Выбрать главу

Хлопоча около хроматографа (а он у нас такой, что если его раскочегаришь, то уж нельзя отходить), я соображал: какой же это, к черту, переворот? Переворот — значит, кого-то сваливают, свергают. А здесь-то все на своих местах, при своих креслах. Одного только президента где-то заперли и врут, будто болен. Но не валят и со временем, вероятно, тоже вернут. И тут я смекнул: все равно — настоящий переворот. Только свергают не начальников, а нас, возомнившее о себе простонародье. Моего друга Мишу, который вздумал устроить независимое издательство; Гену, который не пропускает ни одного митинга; Илью, который из мэнээсов взлетел в депутаты. Да и меня, сочиняющего вольнодумные повести. Танки, десантники и прочая неодолимая сила — все это прикатило специально для нас. Какая честь, едрить их!

Назавтра уж митинга не пропустил. Добираясь с друзьями до "Баррикадной" (надо же, какое прозорливое название!), ожидал увидеть у "Белого дома" воинственную, но небольшую кучку диссидентов. А застал громадное, по-московски шумное и благодушное сборище. Никогда, а особенно в последние взвинченные годы, не видел соотечественников такими внимательными друг к Другу, такими, если угодно, сентиментальными. О таком состоянии толпы приходилось разве что читать в книжках про девятьсот пятый год, когда и стояли здесь те, прославленные в названии станции метро, баррикады; когда даже охотнорядцы прибегали, спрашивая, не надо ли чем помочь…

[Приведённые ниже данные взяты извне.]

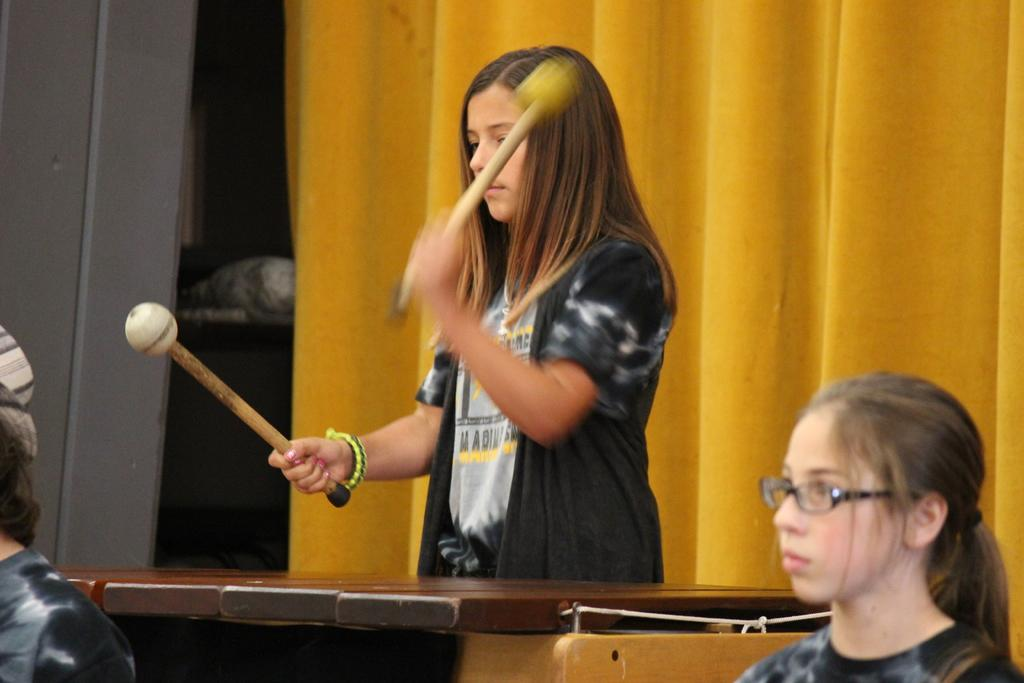Who is the main subject in the image? There is a girl in the image. What is the girl doing in the image? The girl is playing a musical instrument. What can be seen in the background of the image? There is a yellow curtain in the background of the image. What type of page can be seen turning in the image? There is no page present in the image; it features a girl playing a musical instrument with a yellow curtain in the background. 
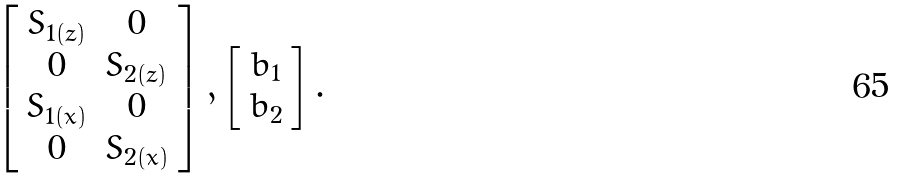<formula> <loc_0><loc_0><loc_500><loc_500>\left [ \begin{array} { c c } S _ { 1 ( z ) } & 0 \\ 0 & S _ { 2 ( z ) } \\ S _ { 1 ( x ) } & 0 \\ 0 & S _ { 2 ( x ) } \end{array} \right ] , \left [ \begin{array} { c c } b _ { 1 } \\ b _ { 2 } \end{array} \right ] .</formula> 
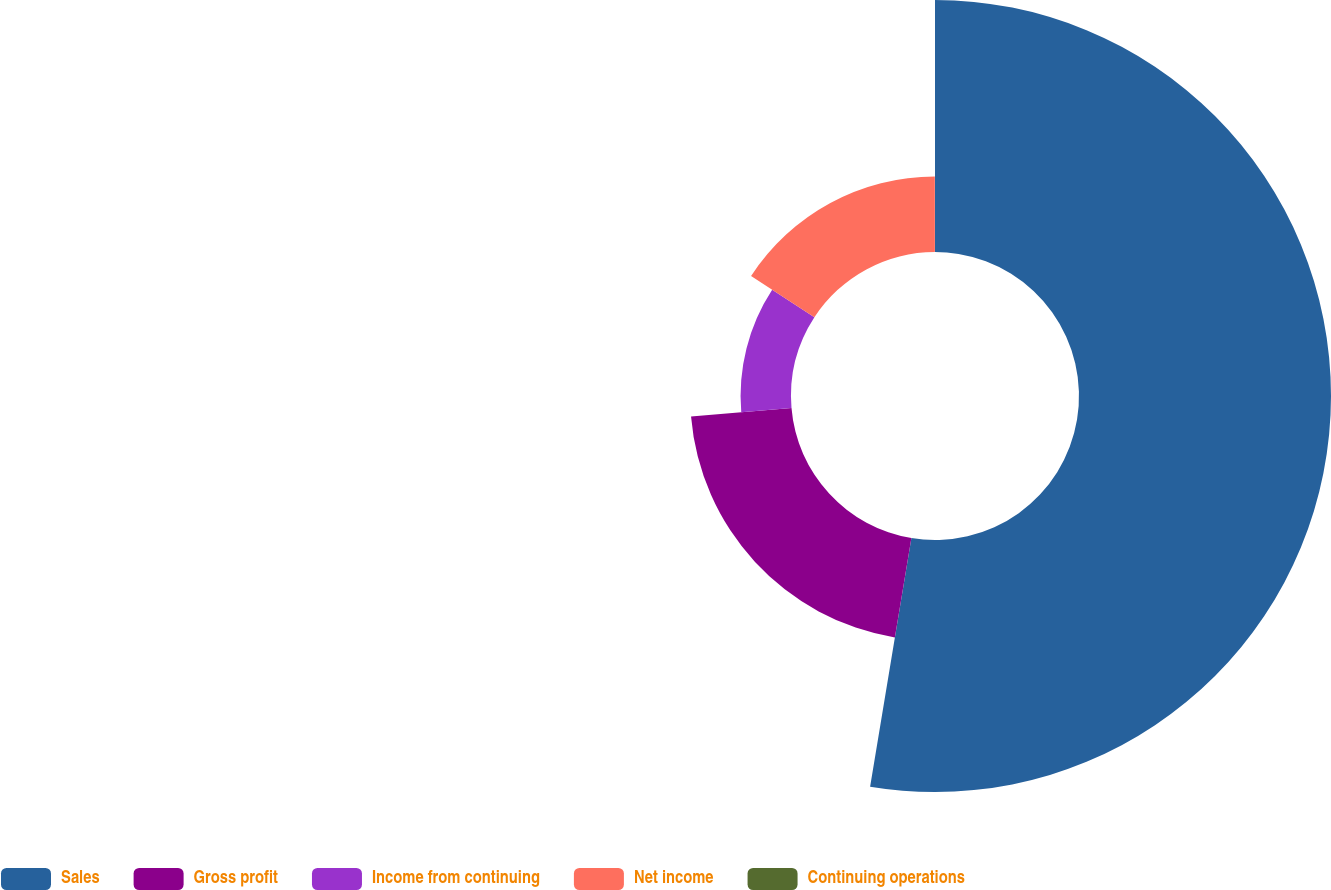<chart> <loc_0><loc_0><loc_500><loc_500><pie_chart><fcel>Sales<fcel>Gross profit<fcel>Income from continuing<fcel>Net income<fcel>Continuing operations<nl><fcel>52.62%<fcel>21.05%<fcel>10.53%<fcel>15.79%<fcel>0.01%<nl></chart>

Нынешние баррикады, кстати, показались, на инженерный глаз, несерьезными, декоративными. Хороший бульдозер своротил бы их в пять минут. Ребята, впрочем, потом говорили, что к ночи туда основательно подсыпали разного тяжелого материала вплоть до нескольких машин расположенного по соседству американского посольства (потом, конечно, принесли США официальные извинения).

Правду сказать, я не больно-то люблю маячить в толпе. Растворяться в ней не привык, а инородное тело она вынюхивает звериным чутьем — и отторгает. Однако здесь, слушая яростные, не всегда искусные речи, растворялся с полным блаженством. Незнакомые люди совали мне листовки, воззвания, приглашали послушать карманный приемник (как раз заговорило встреченное восторженным гулом "Эхо Москвы"). Я же оделял их сушками, которые наша хозяйственная компания прихватила из лаборатории. Становилось ясно, что путч не пройдет. Такие дела проворачивают либо мигом, либо никогда. Однако пустить кровь, и немалую, эти дуболомы еще могут. Каких-то сильных чувств команда, обозначившая себя как "советское руководство", у меня не вызывала; не тянули они на сильные чувства.

Это ощущение не было новым. Давным-давно, сначала бессловесно, а потом и вполне осознанно я пришел к такой формуле: если ты не держишь этих людей за людей — так не ешь же из их рук, не покупайся на должности, премии или какую-нибудь загранку. Держатели командных высот уже не были педантичны в людоедстве, их разъедала изнеженность, и такая несложная философия позволяла мирно жить на общих основаниях, берясь лишь за ту работу, которой можно не стыдиться. Думаю, я не один такой. Российские жители все-таки не стали еще поголовными пьяницами, за бутылку готовыми на любой беспредел. Посмотрите, сколько кругом надежных, знающих свое дело мужиков, всегда согласных трудиться на совесть за честную плату. Если, конечно, их не заставляют клепать какие-нибудь наручники… Такие люди (это — к вопросу о нынешних абсурдных дискуссиях) давно созрели для рынка, да, по существу, и раньше жили по его законам.

Вечером я услыхал по радио сначала приказ о комендантском часе, потом призыв снова собраться у "Белого дома". Засобирался было, но меня отговорила жена: зачем, мол, суетиться тебе, пожилому дядьке, там ведь полно молодежи. История эта, может, еще надолго, не последняя ночь, ребята устанут, им понадобится смена. Дал себя уговорить, но всю ночь ворочался. Наутро она меня успокоила: все спокойно, радио сообщает — штурма не было.

Снова пошел на работу, куда явились и те, кто бессонно стоял у баррикады. От них узнал, что было не так уж спокойно, есть убитые… Там было много наших, рядовых из Академии наук. Ведь пугливые старцы из ее президиума — каста очень малочисленная.

Кликнули на собрание, и народ наконец-то стал обсуждать, как бы поставить дело порядочным образом. Составить список дружины с твердым графиком дежурств, комитеты по сбору медикаментов и еды; раздобыть транспорт… Замдиректора: администрация института готова помочь всем, чем может. Есть автобус — берите его; собирайте противогазы — они могут пригодиться. Тут же выступают те, кто еще не вышел из партии, — объявляют, что теперь уж точно выходят (а ГКЧП и ЦК еще вроде царствуют).